Caractérisation des comportements physique et mécanique de biocomposites composés d'une matrice de polyéthylène végétale haute densité renforcée par des fibres de bambou : Influence des traitements physiques et chimiques des fibres sur les propri

The environmental concern with the unregulated use of non-renewable resources, as well as the inadequate disposal of waste in the environment, encourage the development of awareness measures and technological alternatives. Faced with this problem, there is a need to manufacture products that are less aggressive to the environment, either according to their raw material, from a renewable resource, or according to their post-utilization. Thus, the use of natural fibers applied as reinforcement in polymeric matrices presents itself as a highlight in the scientific environment. In this context, the proposal of this thesis was to evaluate and intensify the adhesion between bamboo fibers and green polyethylene matrix, in order to produce polymeric composites with good mechanical resistance to be applied in fairing and internal car finishes.
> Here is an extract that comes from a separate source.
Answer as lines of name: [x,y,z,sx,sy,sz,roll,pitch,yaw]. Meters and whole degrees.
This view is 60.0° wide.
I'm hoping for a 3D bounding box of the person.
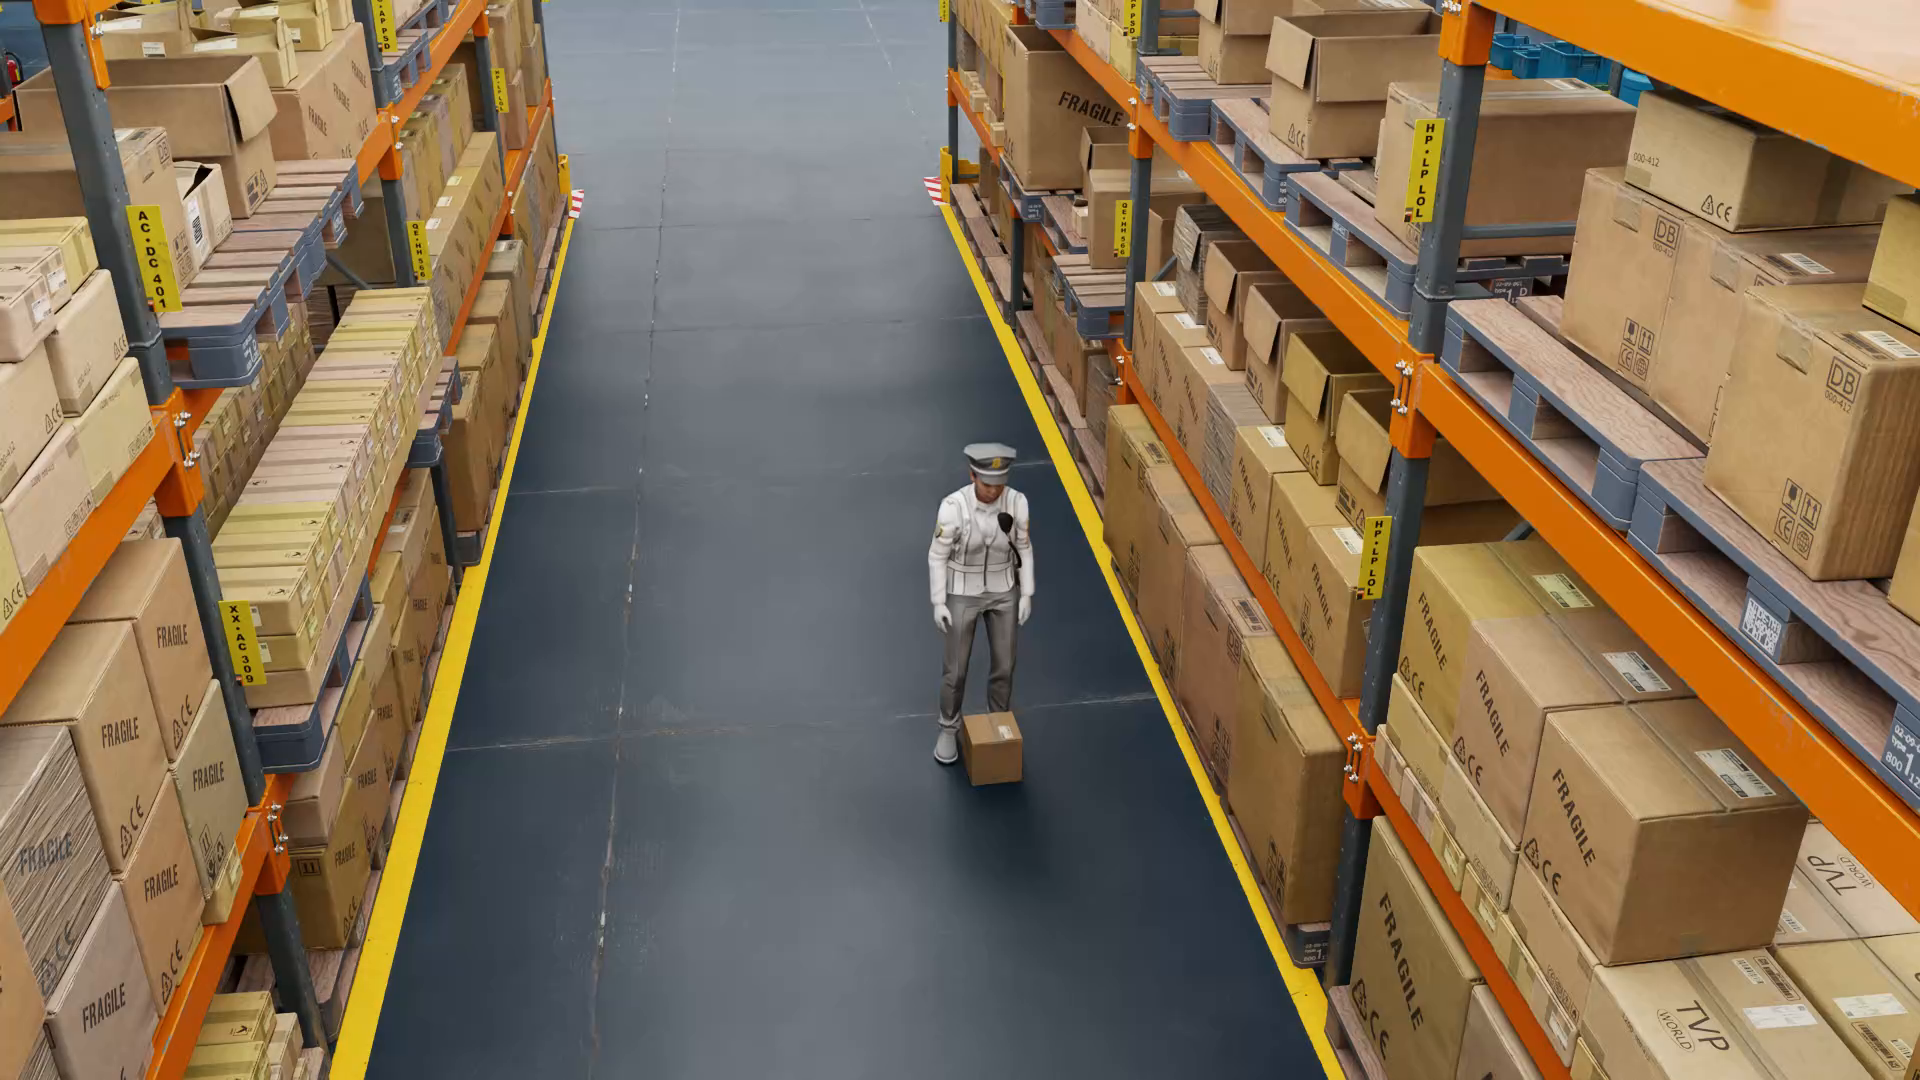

In addition to the concern of using a reinforcement with high mechanical strength and natural source, this work also proposes the use of a polymeric matrix produced from a renewable plant source, sugarcane, which, in sum, promotes the capture and fixation of CO2. Physical-chemical, morphological and mechanical properties of the bamboo fibers were evaluated to analyze the effect of applied surface treatments. The physico-chemical parameters presented a decrease in fiber mass after treatments, as well as variations in density, porosity and pore size. The morphological evaluation showed an increase of roughness in the fibers surface, indicating a good mechanical anchorage by the polymer matrix. The results of the mechanical efficiency of the fibers showed a considerable increase of the maximum supported tension and the elasticity modulus. The characterization of the composites showed that the treatments were effective for a good adhesion between fiber and polymer matrix, indicating that the best treatments were mercerization and acetylation, and that the best conformation was the use of unidirectional long fibers (direction of the mechanical request) and continuous. The results were effective for its application.